Hello,
1. I found that generic_forget_inode() calls write_inode_now() dropping
inode_lock and destroys inode after that. The problem is that
write_inode_now() can sleep and during this sleep someone can find inode
in the hash, w/o I_FREEING state and with i_count = 0.
If such inode will be iget'ed, then it will be iput'ed once more later
messing with the current iput(). So the inode can be cleared and
destroyed twice.
2. Why there is no wake_up_inode() in generic_forget_inode() like in
generic_delete_inode()? Looks like it is missing...
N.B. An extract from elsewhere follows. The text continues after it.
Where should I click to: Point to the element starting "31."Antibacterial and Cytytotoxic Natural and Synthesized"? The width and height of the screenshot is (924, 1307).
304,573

is it bugs in generic_forget_inode()?
Kirill
Kirill Korotaev <[email protected]> wrote:
>
> Hello,
>
> 1. I found that generic_forget_inode() calls write_inode_now() dropping
> inode_lock and destroys inode after that. The problem is that
> write_inode_now() can sleep and during this sleep someone can find inode
> in the hash, w/o I_FREEING state and with i_count = 0.
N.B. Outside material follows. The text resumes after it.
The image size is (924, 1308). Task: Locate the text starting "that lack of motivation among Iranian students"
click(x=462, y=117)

The filesystem is in the process of being unmounted (!MS_ACTIVE). So the
question is: who is doing inode lookups against a soon-to-be-defunct
filesystem?
Andrew Morton wrote:
> Kirill Korotaev <[email protected]> wrote:
>
>>Hello,
>>
>>1. I found that generic_forget_inode() calls write_inode_now() dropping
>>inode_lock and destroys inode after that. The problem is that
>>write_inode_now() can sleep and during this sleep someone can find inode
>>in the hash, w/o I_FREEING state and with i_count = 0.
>
> The filesystem is in the process of being unmounted (!MS_ACTIVE). So the
> question is: who is doing inode lookups against a soon-to-be-defunct
> filesystem?
Yup, I'm studing this issue.
But while looking at code I found this interesting place:
__writeback_single_inode()
{
while (inode->i_state & I_LOCK) {
__iget(inode); <<<<<<
spin_unlock(&inode_lock);
__wait_on_inode(inode);
iput(inode); <<<<<<
spin_lock(&inode_lock);
}
return __sync_single_inode(inode, wbc); <<<<<<
}
the problem here is iget/iput.
There are 2 possible cases:
1. all callers of this function do hold reference on inode, then
iget/iput is unneeded.
2. if 1) is incorrect then it's a bug, since inode is used after iput.
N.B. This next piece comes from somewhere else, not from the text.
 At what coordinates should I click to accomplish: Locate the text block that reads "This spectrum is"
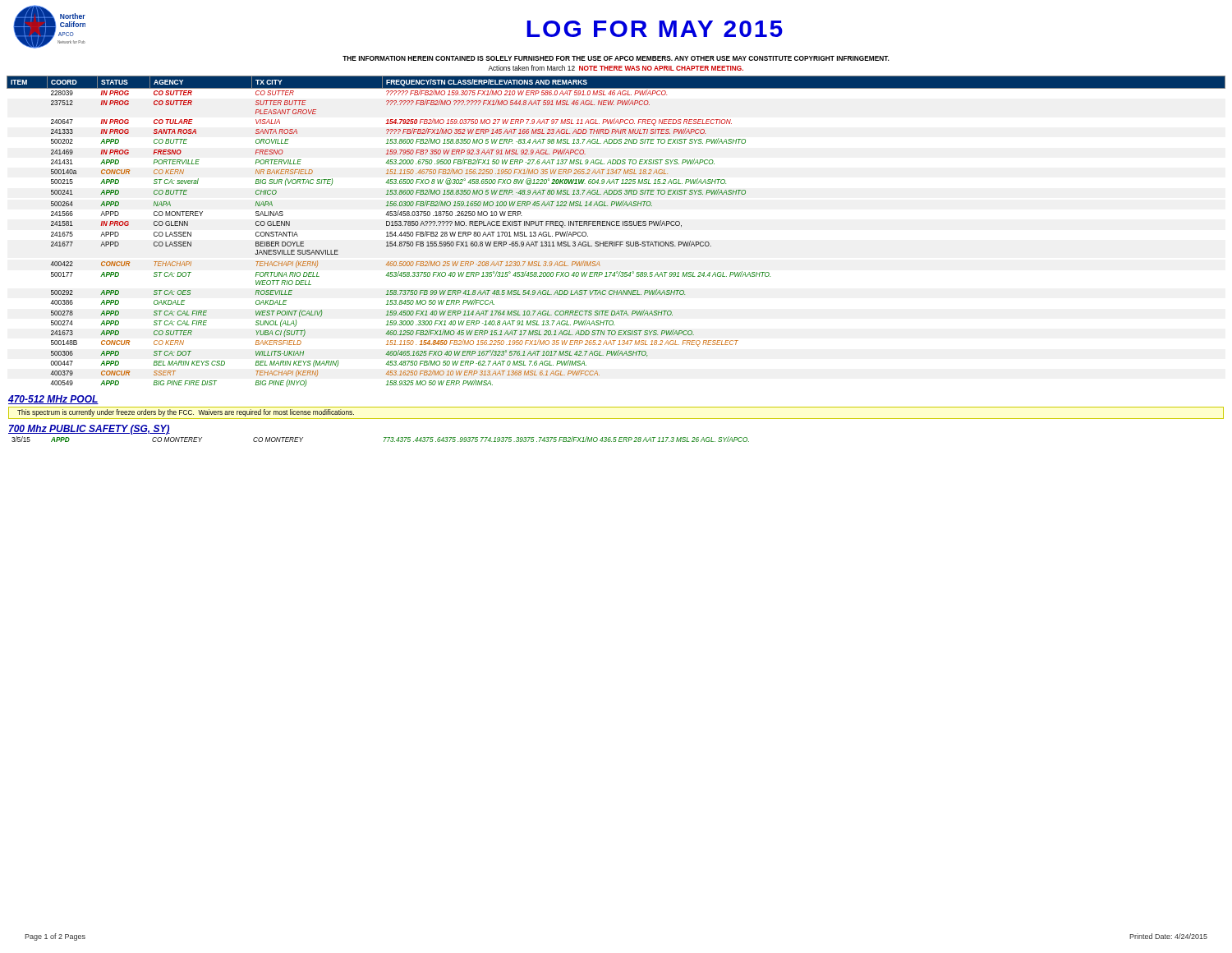coord(186,412)

This place looks really ugly, or I don't understand something here?
Kirill
Kirill Korotaev <[email protected]> wrote:
>
> Andrew Morton wrote:
> > Kirill Korotaev <[email protected]> wrote:
> >
> >>Hello,
> >>
> >>1. I found that generic_forget_inode() calls write_inode_now() dropping
> >>inode_lock and destroys inode after that. The problem is that
> >>write_inode_now() can sleep and during this sleep someone can find inode
> >>in the hash, w/o I_FREEING state and with i_count = 0.
> >
> > The filesystem is in the process of being unmounted (!MS_ACTIVE). So the
> > question is: who is doing inode lookups against a soon-to-be-defunct
> > filesystem?
>
> Yup, I'm studing this issue.
Do you mean to say that you are observing the above scenario with an
unmodified kernel.org filesystem? Which one?
I suggest you add a
BUG_ON(!(inode->i_sb->s_flags & MS_ACTIVE));
in the hash lookup code.
> But while looking at code I found this interesting place:
>
> __writeback_single_inode()
> {
> while (inode->i_state & I_LOCK) {
> __iget(inode); <<<<<<
> spin_unlock(&inode_lock);
> __wait_on_inode(inode);
> iput(inode); <<<<<<
> spin_lock(&inode_lock);
> }
> return __sync_single_inode(inode, wbc); <<<<<<
> }
>
> the problem here is iget/iput.
>
> There are 2 possible cases:
> 1. all callers of this function do hold reference on inode, then
> iget/iput is unneeded.
> 2. if 1) is incorrect then it's a bug, since inode is used after iput.
>
> This place looks really ugly, or I don't understand something here?
You're right - the iget/iput is not needed. The only caller here who does
not already have a ref on the inode is pdflush, and we already did an
__iget on that callpath.